Segment Start: Records to process
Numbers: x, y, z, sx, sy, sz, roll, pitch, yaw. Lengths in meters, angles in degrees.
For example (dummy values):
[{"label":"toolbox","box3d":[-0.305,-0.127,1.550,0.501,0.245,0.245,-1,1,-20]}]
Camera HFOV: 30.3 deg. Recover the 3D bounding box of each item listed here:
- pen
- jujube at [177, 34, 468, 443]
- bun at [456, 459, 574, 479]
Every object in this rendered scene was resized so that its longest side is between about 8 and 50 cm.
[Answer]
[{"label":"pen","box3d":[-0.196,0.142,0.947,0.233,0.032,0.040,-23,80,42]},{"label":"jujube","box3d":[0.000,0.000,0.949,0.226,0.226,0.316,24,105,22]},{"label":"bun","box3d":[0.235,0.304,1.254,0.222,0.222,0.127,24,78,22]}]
Segment End: Records to process
Task description
Could you set down every record exactly as given?

Output
Numbers: x, y, z, sx, sy, sz, roll, pitch, yaw. Lengths in meters, angles in degrees.
For example (dummy values):
[{"label":"toolbox","box3d":[-0.305,-0.127,1.550,0.501,0.245,0.245,-1,1,-20]}]
Camera HFOV: 30.3 deg. Recover the 3D bounding box of each item listed here:
- pen
- jujube at [177, 34, 468, 443]
- bun at [456, 459, 574, 479]
Every object in this rendered scene was resized so that its longest side is between about 8 and 50 cm.
[Answer]
[{"label":"pen","box3d":[-0.196,0.142,0.947,0.233,0.032,0.040,-23,80,42]},{"label":"jujube","box3d":[0.000,0.000,0.949,0.226,0.226,0.316,24,105,22]},{"label":"bun","box3d":[0.235,0.304,1.254,0.222,0.222,0.127,24,78,22]}]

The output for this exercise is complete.